Phoenix was a desolate, post-apocalyptic wasteland. It’s the kind of city where they can never set a zombie film, because how could the audience tell, you know?
Scottsville, at least, had some personality. But what we saw of that personality was tacky and gaudy and just a shade exploitative.
New Mexico was stunningly beautiful. Albuquerque was kind of funky and eclectic, at least in the neighborhood we visited, which was near the university. Also, the fact that we were dining with Lyle and his partner Scott, and our companions were so charming, may have distracted us a bit.
I remember little of Texas, other than that the clerk at Stuckey’s was blisteringly hot.
Oklahoma was like something out of Mad Max, only with obese Puritans. I mean, by California standards, I’m a big guy. Seeing the mid-West has made me much less self-conscious about my weight. That the highways were littered with vague in meaning signs that read “No Tolerance” prompted the gay and the jew to speed through as quickly as possible.
Missouri was just slightly off, with oddly aggressive drivers. But a fair portion of the male population is good-looking and bearish and I think I’ve seen more porn shops advertising arcades and “spas” there than in any other part of the country.
Indiana…yeah, we passed through there.
West Virginia we were in for all of five minutes. I’m okay with that.
Pennsylvania was interesting. It was much like Oregon, only more conservative and with worse roads. And exorbitantly priced toll roads. It’s also were I had to make an escape from heteronormativity and ran off to the local gay bar. Which was dead. On a Saturday night.
Which says something about Pennsylvania, I think.

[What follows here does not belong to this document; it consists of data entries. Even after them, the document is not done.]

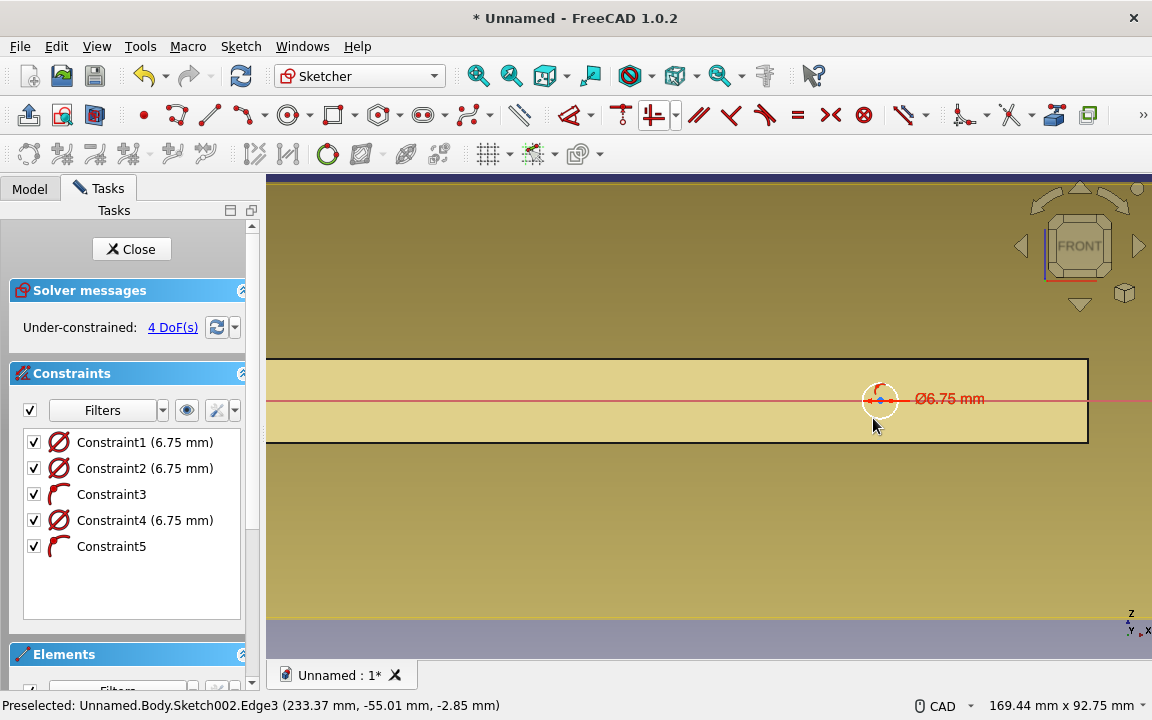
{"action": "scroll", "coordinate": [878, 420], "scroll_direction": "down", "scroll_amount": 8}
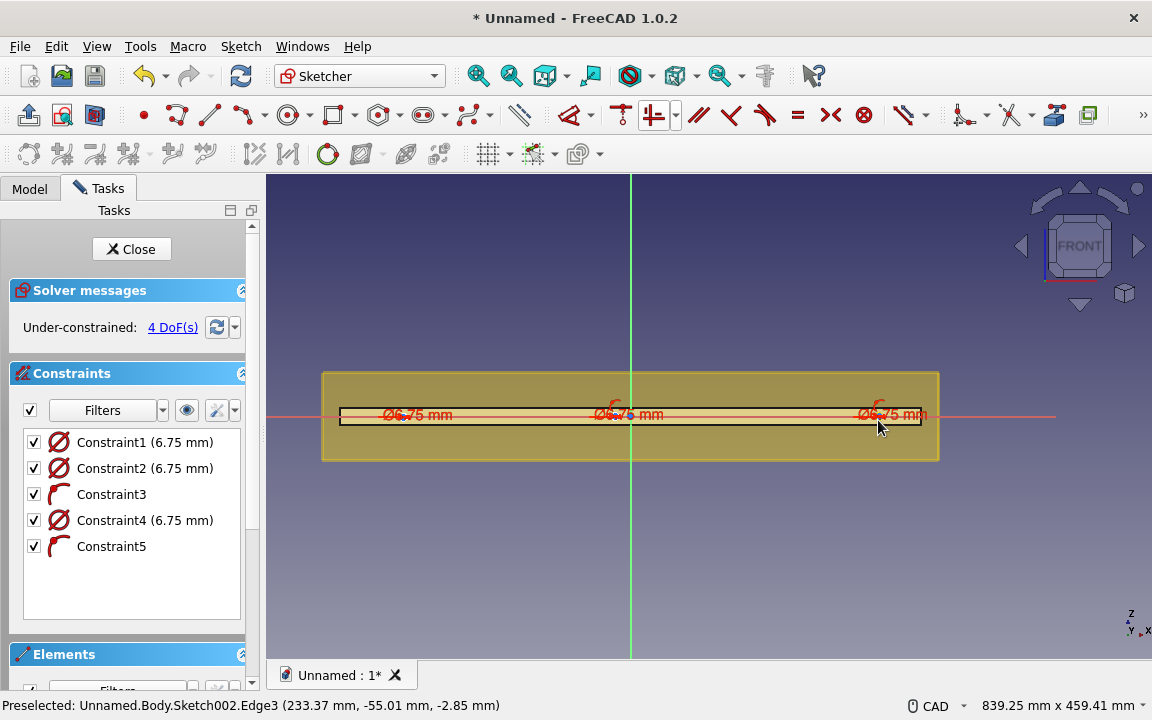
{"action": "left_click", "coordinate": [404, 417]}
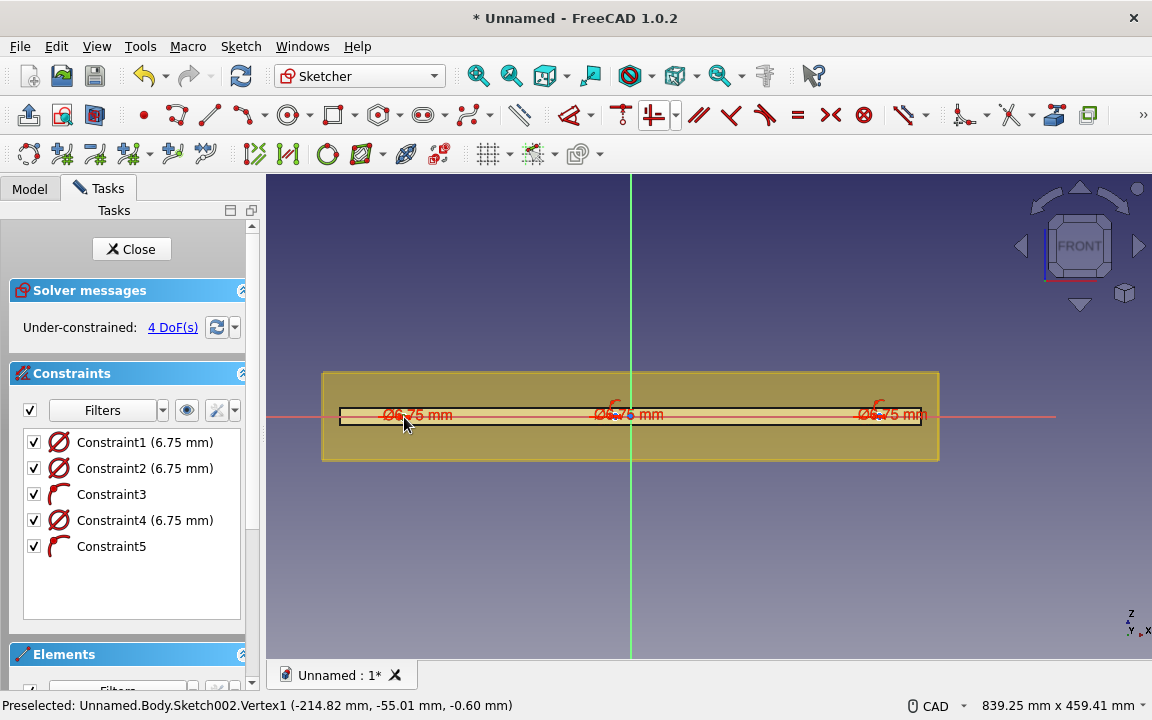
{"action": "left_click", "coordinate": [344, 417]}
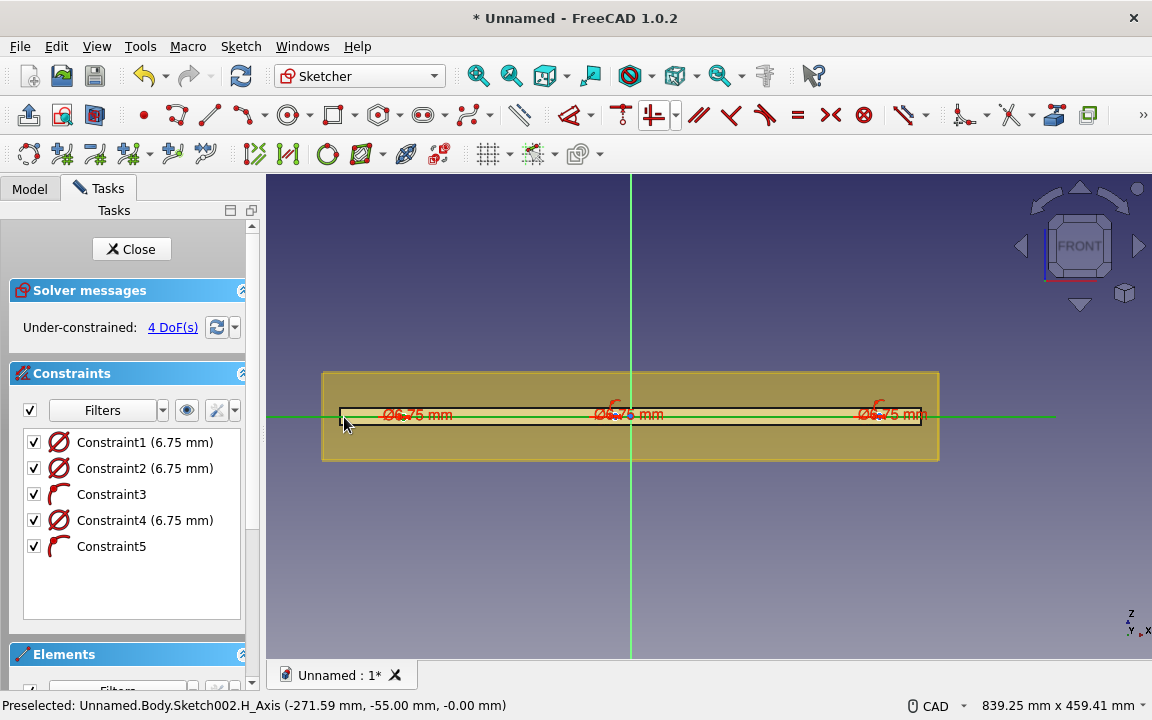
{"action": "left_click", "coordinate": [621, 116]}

The way back has brought us through Ohio, where we stopped to see my last living grand-parent, an outspoken woman born in Tennessee during the Depression who worked in an auto factory after the war, was a single-mother and married a Lebanese man and still doesn’t give a damn what anyone thinks about all that. My grand-father Eddie was also an amazing man, and former body-builder, Mr. Ohio and physique model.
We moved on to Michigan, were we spent a fantastic day with Gayprof, who showed me Midwestern Funky Town in person. It is both Midwestern and Funky, and Prof is the sweetest, most charming man I’ve met outside of Pete, and just as smart and funny as his blog leads you to believe.
That brought us to Illinois and Wisconsin and Minnesota. Chicago people, I love you, but there’s not enough money in the world you can pay me to set foot in that town. It made L.A. look Utopian. Minnesota has been flat, farms and homophobic teens. Wisconsin was intriguing bill-boards about roadside attractions and horrible drivers. Again, to a degree that makes L.A. look like a bastion of politeness and correct use of turn-signals.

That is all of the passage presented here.